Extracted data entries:
____________________
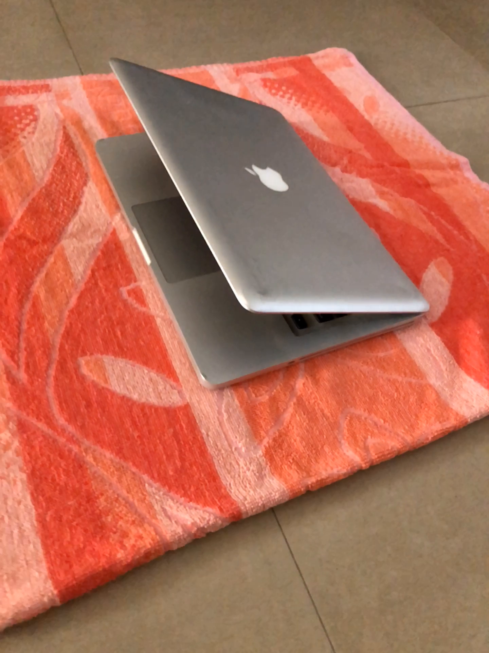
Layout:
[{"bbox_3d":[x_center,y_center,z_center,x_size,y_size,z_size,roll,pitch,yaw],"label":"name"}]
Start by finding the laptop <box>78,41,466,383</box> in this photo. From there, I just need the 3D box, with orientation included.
[{"bbox_3d":[0.007,-0.130,0.500,0.223,0.086,0.311,-17,60,-22],"label":"laptop"}]
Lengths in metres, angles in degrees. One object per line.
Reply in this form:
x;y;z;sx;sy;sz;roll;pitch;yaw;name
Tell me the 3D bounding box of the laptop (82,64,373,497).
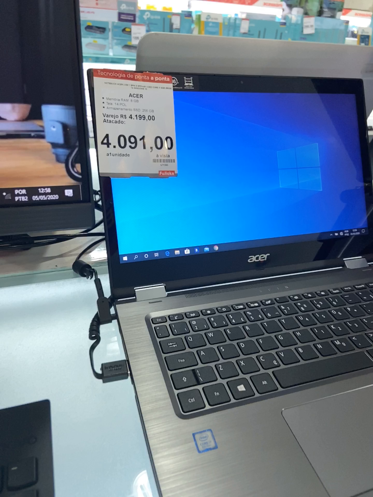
0.103;-0.025;0.332;0.328;0.187;0.357;-6;33;-18;laptop
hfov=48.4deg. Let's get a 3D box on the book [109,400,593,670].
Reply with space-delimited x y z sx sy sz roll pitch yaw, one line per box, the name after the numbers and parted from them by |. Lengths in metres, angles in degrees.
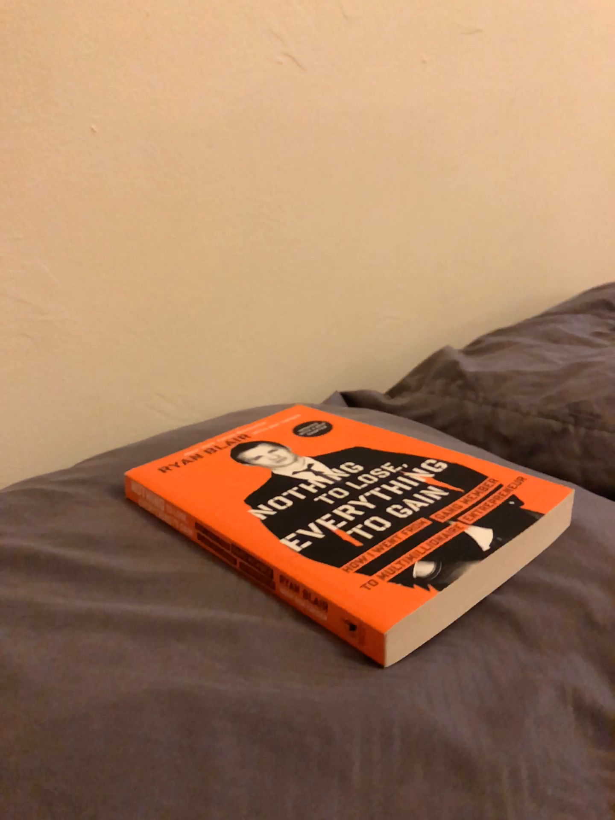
0.012 0.045 0.383 0.150 0.020 0.230 -18 24 -38 | book
____________________
Produce an exact copy of the lines from the line with "Tell me the" through the last line of the data above, both ends included. No pictures belong in it.

Tell me the 3D bounding box of the laptop (82,64,373,497).
0.103;-0.025;0.332;0.328;0.187;0.357;-6;33;-18;laptop
hfov=48.4deg. Let's get a 3D box on the book [109,400,593,670].
Reply with space-delimited x y z sx sy sz roll pitch yaw, one line per box, the name after the numbers and parted from them by |. Lengths in metres, angles in degrees.
0.012 0.045 0.383 0.150 0.020 0.230 -18 24 -38 | book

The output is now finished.